[2020 OSDI] AntMan: Dynamic Scaling on GPU Clusters for Deep Learning

Summary

AntMan is a cluster scheduler for GPU sharing. It introduces two techniques, dynamic memory scaling and opportunistic computation management, to accommodate multiple jobs and avoid interference.

Background & Motivation

GPUs in a shared cluster are not properly utilized (both SM and GRAM are under-utilized). One of the reasons is multi-GPU jobs require gang scheduling, which creates GPU idleness. Moreover, DL training jobs have dynamic resource demand over time.
Training jobs in the Alibaba cluster have the following characterstics:
- Small model size: Most GPU memory can be shared
- Short mini-batch: Fast resource coordination
- Similar mini-batch: Mini-batch time can be used to quantify inter-job interference

Design & Implementation

Dynamic Memory Scaling

AntMan dynamically co-locates jobs on shared GPUs. The goal is for resource-guarantee jobs to maintain the same performance as dedicated execution while co-locating opportunistic jobs to best utilize the resources.

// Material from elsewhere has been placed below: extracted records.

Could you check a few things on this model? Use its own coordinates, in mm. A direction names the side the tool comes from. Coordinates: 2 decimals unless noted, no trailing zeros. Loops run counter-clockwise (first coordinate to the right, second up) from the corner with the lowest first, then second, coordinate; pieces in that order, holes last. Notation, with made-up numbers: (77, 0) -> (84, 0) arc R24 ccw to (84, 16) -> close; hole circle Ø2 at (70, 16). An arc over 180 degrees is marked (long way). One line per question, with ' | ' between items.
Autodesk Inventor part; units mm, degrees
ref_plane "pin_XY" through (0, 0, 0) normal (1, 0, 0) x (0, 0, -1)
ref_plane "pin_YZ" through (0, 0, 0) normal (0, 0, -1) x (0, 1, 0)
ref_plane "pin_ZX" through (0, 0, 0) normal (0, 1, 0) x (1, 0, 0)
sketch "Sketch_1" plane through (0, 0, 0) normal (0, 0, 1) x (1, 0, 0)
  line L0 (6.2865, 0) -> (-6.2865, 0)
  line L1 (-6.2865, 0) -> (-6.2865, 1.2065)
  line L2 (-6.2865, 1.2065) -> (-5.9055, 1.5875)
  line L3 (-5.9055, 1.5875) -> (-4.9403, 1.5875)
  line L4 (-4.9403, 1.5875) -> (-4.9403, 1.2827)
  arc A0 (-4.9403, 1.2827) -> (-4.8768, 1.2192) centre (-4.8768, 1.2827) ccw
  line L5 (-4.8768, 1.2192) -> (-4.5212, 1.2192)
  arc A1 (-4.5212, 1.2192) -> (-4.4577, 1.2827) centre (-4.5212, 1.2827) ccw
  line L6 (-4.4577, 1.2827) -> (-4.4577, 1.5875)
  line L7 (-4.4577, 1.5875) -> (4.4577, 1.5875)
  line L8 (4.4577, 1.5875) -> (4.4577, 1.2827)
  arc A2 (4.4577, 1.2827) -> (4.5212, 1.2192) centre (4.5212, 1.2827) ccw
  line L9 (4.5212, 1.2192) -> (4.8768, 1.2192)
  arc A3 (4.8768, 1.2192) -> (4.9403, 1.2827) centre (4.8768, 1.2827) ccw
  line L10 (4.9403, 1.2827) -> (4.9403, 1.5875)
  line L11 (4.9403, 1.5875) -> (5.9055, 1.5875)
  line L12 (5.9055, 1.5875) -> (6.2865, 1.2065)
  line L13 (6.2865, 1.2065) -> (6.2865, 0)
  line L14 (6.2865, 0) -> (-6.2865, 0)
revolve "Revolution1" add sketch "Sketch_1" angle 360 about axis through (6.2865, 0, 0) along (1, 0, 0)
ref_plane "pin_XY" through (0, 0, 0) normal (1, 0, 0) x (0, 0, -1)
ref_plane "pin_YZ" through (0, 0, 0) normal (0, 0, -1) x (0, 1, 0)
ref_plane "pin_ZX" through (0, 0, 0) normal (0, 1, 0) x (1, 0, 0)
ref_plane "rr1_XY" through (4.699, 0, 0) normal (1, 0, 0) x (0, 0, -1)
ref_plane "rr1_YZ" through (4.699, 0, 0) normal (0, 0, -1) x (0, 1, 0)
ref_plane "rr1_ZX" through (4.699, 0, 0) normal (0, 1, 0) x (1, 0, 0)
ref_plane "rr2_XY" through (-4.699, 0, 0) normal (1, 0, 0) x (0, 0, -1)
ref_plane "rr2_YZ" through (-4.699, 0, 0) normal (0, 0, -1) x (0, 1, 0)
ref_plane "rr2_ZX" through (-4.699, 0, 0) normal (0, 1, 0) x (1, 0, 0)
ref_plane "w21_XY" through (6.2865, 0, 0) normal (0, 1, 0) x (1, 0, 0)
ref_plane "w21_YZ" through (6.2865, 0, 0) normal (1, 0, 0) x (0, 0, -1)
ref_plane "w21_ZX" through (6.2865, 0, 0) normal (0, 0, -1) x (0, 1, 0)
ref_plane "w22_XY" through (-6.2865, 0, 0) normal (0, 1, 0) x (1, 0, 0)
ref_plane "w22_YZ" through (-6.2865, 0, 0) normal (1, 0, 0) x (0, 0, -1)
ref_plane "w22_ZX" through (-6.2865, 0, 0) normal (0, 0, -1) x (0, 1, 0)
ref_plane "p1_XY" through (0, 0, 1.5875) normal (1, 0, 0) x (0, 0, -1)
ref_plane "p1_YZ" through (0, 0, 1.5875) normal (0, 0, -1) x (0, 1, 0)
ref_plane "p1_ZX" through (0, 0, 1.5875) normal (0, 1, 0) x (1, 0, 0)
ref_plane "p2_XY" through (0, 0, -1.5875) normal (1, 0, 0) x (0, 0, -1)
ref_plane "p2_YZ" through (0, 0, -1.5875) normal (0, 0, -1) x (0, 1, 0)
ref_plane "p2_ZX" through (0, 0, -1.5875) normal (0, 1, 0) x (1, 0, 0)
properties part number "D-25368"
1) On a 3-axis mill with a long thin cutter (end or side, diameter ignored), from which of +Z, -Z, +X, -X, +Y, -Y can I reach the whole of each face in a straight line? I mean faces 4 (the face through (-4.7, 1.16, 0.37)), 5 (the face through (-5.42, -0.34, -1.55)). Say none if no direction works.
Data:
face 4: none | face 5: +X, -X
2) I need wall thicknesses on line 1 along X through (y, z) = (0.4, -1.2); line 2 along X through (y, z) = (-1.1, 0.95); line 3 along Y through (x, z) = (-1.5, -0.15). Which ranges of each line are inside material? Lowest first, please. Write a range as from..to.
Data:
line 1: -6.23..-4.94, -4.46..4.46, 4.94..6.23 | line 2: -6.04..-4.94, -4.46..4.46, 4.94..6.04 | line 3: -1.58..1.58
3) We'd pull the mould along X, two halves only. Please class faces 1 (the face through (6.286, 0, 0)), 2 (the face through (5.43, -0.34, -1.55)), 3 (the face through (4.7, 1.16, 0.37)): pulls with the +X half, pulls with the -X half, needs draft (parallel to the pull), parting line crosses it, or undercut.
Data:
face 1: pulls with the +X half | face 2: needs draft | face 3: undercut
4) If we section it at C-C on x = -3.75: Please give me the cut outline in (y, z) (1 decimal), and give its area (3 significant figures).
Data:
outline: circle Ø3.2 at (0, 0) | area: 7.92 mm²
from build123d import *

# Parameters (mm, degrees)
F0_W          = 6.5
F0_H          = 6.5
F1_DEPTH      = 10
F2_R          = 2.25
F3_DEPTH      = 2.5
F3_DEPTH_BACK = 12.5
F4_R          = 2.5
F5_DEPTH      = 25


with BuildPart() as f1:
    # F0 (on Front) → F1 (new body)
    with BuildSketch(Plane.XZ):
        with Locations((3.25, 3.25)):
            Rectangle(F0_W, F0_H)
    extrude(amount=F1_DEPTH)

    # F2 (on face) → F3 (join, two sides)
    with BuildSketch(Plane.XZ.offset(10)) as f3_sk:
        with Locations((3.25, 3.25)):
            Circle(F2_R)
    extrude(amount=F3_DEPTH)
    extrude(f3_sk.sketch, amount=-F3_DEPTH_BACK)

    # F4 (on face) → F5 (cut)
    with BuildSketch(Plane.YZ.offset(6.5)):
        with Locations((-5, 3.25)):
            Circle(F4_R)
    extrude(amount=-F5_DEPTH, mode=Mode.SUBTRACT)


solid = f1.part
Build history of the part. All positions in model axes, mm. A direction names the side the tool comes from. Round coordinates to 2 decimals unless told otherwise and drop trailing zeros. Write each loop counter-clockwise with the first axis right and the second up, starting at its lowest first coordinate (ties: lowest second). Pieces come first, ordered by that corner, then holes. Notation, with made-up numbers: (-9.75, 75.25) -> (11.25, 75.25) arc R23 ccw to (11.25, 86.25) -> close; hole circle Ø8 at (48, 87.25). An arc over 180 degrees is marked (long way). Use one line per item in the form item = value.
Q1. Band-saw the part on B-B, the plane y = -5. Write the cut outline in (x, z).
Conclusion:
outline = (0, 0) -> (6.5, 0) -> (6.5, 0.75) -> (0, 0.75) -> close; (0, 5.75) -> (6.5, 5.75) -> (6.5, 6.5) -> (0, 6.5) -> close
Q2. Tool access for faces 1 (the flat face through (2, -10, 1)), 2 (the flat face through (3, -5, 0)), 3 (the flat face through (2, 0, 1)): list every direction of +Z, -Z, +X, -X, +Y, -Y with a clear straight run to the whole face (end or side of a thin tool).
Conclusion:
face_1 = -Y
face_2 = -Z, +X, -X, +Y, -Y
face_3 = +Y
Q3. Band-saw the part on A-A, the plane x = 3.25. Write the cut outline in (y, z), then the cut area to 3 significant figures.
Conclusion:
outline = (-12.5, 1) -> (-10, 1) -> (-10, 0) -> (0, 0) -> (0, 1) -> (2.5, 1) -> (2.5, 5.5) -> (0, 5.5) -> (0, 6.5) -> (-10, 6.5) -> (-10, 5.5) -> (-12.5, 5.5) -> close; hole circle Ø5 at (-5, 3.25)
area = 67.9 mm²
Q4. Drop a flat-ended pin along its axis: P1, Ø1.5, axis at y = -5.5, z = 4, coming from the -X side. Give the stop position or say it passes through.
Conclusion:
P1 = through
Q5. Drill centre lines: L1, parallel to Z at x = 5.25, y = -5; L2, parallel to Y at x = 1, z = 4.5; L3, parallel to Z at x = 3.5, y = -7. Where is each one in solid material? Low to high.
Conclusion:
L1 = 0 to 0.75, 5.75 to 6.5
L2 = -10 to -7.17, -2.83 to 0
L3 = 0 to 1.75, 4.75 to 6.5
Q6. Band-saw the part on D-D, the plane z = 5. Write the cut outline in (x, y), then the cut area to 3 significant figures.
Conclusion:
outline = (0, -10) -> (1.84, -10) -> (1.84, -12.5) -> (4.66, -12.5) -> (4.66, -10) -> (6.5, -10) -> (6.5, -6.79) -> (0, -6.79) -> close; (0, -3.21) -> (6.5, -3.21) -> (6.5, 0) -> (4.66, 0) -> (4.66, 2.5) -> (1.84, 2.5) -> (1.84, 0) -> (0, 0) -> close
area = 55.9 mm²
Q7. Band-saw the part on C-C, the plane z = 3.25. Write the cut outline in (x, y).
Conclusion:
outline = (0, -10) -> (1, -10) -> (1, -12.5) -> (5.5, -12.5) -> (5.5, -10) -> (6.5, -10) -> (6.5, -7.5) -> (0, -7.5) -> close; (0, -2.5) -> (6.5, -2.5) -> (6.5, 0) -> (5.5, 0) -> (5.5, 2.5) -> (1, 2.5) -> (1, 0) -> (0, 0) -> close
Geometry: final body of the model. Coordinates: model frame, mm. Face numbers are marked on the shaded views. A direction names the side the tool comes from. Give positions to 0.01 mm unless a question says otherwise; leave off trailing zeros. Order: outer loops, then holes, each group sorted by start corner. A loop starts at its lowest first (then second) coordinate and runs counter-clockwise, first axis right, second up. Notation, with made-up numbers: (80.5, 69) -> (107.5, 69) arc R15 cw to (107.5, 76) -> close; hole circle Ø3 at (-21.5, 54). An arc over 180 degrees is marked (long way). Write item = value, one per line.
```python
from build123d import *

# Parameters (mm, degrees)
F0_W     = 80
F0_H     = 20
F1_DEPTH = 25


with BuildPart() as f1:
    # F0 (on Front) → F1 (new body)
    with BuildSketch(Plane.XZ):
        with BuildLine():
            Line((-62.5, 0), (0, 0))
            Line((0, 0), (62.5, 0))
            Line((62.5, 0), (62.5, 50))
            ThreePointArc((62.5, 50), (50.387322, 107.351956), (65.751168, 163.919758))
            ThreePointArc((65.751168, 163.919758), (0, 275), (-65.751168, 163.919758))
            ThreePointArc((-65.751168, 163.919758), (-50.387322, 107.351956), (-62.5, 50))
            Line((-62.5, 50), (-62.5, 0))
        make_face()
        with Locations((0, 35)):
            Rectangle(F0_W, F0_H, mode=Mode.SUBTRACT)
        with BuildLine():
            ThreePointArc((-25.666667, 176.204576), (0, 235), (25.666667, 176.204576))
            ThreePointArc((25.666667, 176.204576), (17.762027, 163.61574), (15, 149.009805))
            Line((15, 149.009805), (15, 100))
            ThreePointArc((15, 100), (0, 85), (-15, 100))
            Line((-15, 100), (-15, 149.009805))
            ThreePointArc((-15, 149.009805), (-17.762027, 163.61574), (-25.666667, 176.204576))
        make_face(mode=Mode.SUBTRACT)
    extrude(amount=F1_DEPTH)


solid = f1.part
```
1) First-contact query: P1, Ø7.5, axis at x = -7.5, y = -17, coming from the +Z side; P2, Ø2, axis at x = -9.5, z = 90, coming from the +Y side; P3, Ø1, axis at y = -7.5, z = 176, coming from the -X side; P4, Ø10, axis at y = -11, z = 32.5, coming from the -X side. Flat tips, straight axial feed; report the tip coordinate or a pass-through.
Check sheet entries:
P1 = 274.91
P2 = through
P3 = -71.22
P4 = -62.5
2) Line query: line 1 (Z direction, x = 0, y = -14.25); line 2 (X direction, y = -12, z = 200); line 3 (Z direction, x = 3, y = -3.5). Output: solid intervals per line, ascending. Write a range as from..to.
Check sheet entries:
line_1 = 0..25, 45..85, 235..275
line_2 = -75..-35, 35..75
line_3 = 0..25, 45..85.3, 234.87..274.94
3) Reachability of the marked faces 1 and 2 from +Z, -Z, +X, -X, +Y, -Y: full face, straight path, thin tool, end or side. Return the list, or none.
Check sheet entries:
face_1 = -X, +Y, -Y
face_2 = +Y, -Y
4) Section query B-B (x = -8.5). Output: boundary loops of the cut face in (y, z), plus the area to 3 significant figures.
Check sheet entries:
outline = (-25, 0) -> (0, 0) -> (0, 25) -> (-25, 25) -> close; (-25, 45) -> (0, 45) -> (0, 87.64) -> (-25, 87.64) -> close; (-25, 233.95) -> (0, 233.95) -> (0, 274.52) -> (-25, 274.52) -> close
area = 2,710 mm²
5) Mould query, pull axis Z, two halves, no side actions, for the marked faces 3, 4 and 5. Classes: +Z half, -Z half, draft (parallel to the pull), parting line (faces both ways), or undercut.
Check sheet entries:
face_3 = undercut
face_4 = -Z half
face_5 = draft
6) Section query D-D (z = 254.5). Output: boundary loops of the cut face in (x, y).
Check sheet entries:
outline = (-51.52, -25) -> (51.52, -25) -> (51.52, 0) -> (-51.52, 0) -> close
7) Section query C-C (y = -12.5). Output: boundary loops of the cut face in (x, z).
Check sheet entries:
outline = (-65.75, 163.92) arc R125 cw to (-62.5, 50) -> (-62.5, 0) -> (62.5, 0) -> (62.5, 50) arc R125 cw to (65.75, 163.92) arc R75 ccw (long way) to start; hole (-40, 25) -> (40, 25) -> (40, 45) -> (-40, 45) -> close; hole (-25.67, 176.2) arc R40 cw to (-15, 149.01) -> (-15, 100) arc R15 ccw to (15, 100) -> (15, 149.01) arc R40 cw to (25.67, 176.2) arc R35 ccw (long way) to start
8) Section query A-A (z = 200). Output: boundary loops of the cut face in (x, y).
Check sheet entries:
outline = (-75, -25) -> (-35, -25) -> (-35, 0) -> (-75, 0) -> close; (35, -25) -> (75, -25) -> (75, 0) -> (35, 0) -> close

AntMan monitors the memory usage of DL jobs and sets the corresponding memory upper bounds, allowing other jobs to utilize the spare memory. However, since DL jobs have dynamic resource demand, jobs may require more memory than before, which creates OOM and fails all jobs. In this case (Fig. 7a), these memory bursts are cached on the host (CPU) memory, and are moved back to GRAM after re-allocation. The same technique is applied to jobs that need to shrink their memory requirements to make way for other jobs (Fig. 7b).